I don’t think I’d written for saxophone before, certainly not a saxophone quartet. I’ve always had a bit of a blind spot for wind instruments in general, so that was certainly a bit of a challenge as I didn’t feel as confident with them as I did with other instrumental groups. Also I’ve generally been drawn to combining and juxtaposing diverse sounds and timbres, so working out how I could draw out diverse timbres for the relatively homogenous sound of a saxophone quartet was my biggest personal challenge. That all said, challenges are why I compose — if someone doesn’t challenge me I do tend to lose interest quite quickly.

Who would you say has been the biggest influence on you as a composer?

My interests and influences have always been stronger from non-musical sources — particularly art and film. The Conceptual artists of the mid and late 60s — the Art and Language Group and Joseph Kosuth especially. The latter of whom introduced me to the work of philosopher Ludwig Wittgenstein, and how that could potentially be applied to art and music. The east-London based filmmaker John Smith is another massive influence on me. His work blends structuralism language and humour in ingenious and powerful ways. Everyone who hasn’t seen it should check out his Girl Chewing Gum on YouTube.

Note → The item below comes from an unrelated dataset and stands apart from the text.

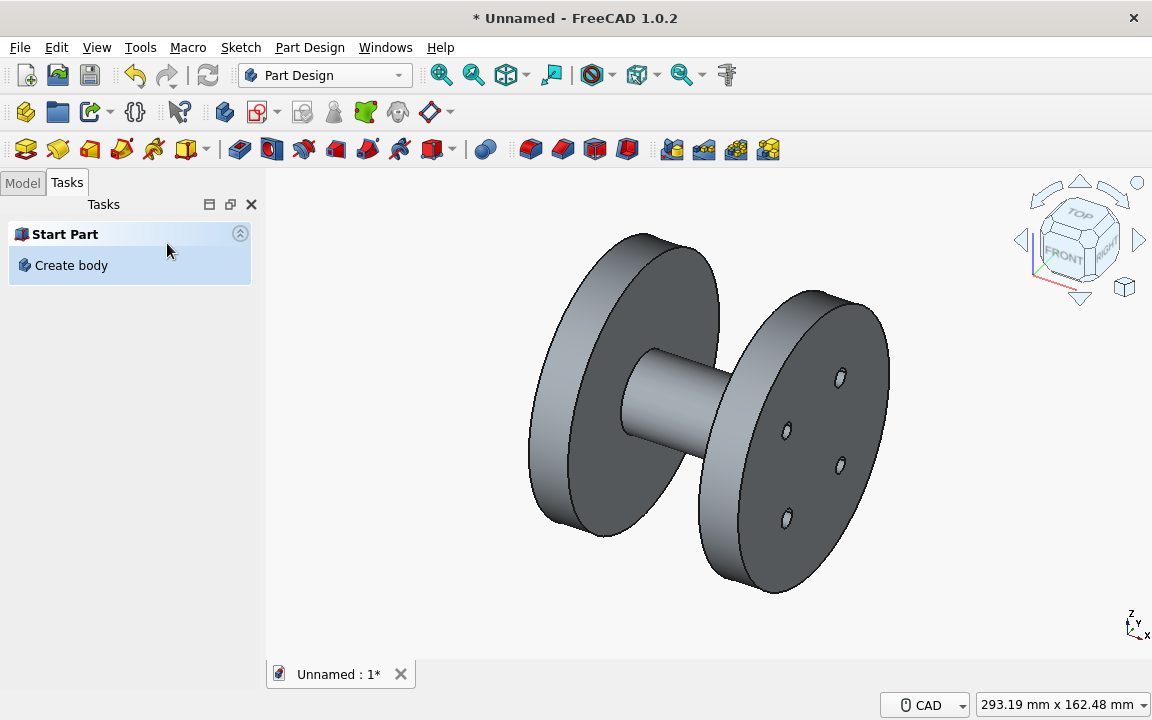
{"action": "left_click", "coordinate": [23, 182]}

You’re quite active as a performer too, playing with contemporary ensemble ‘Out-Take Ensemble’ and pop horn sensations ‘Tuba Libres’ (of which we are huge fans!) Do you feel it helps you as a composer to be actively performing too?

Glad to hear your fans of Tuba Libres, makes being forced to dress up as the Cookie Monster a little more tolerable. But, yes I do. It something that one of my supervisors — Michael Finnissy — was always very strong on. He didn’t necessarily mean being a world-class virtuoso (which he is), but being able to have a certain kind of ‘musical empathy’ for the performers who you are writing for, to understand that they are people with certain skills and preferences and weaknesses not machines. That said, I have seen a number of composer-performers who struggle to understand that other instruments don’t work the way theirs do, so it can be a bit of a double-edged sword.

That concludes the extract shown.